DATA TO EXAMINE Block Start

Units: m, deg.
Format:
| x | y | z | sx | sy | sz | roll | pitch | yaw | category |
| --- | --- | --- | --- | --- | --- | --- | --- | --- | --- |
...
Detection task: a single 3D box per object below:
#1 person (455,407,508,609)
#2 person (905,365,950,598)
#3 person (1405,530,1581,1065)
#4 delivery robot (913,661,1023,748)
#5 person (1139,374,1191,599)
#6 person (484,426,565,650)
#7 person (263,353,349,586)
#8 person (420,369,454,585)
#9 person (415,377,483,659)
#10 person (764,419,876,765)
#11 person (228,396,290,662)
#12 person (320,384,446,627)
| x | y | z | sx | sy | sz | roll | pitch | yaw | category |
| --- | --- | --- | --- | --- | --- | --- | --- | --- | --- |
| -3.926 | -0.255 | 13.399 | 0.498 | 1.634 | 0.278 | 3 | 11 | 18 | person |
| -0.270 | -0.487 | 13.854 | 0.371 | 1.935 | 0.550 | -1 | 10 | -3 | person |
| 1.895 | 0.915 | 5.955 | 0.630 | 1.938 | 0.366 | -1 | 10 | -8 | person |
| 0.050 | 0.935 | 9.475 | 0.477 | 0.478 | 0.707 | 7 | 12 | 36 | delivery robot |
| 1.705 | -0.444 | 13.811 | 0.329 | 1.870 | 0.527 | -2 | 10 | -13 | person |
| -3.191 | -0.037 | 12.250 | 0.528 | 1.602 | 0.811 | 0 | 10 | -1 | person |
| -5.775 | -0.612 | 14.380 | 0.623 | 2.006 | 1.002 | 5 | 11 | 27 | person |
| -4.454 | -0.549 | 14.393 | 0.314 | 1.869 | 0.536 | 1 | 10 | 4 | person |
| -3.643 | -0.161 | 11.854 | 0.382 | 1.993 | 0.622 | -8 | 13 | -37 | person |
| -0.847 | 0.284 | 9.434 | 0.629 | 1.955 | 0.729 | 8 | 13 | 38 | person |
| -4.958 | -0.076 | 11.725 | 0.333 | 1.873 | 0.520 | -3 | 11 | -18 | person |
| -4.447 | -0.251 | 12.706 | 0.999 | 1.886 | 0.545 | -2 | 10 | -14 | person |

DATA TO EXAMINE Block End
DATA TO EXAMINE Block Start

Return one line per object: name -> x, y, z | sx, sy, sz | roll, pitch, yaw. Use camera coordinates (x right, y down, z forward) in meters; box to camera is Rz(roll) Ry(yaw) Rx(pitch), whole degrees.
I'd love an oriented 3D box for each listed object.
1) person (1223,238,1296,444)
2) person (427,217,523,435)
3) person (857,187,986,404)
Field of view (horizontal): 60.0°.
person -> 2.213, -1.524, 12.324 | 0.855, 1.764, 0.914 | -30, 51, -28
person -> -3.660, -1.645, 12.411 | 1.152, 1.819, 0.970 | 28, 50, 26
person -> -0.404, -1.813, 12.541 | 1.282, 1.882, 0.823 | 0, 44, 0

DATA TO EXAMINE Block End

- PROMPT -
Only one number is wanted: how many lines in the records above contain the string "object".

- FINISHED TASK -
3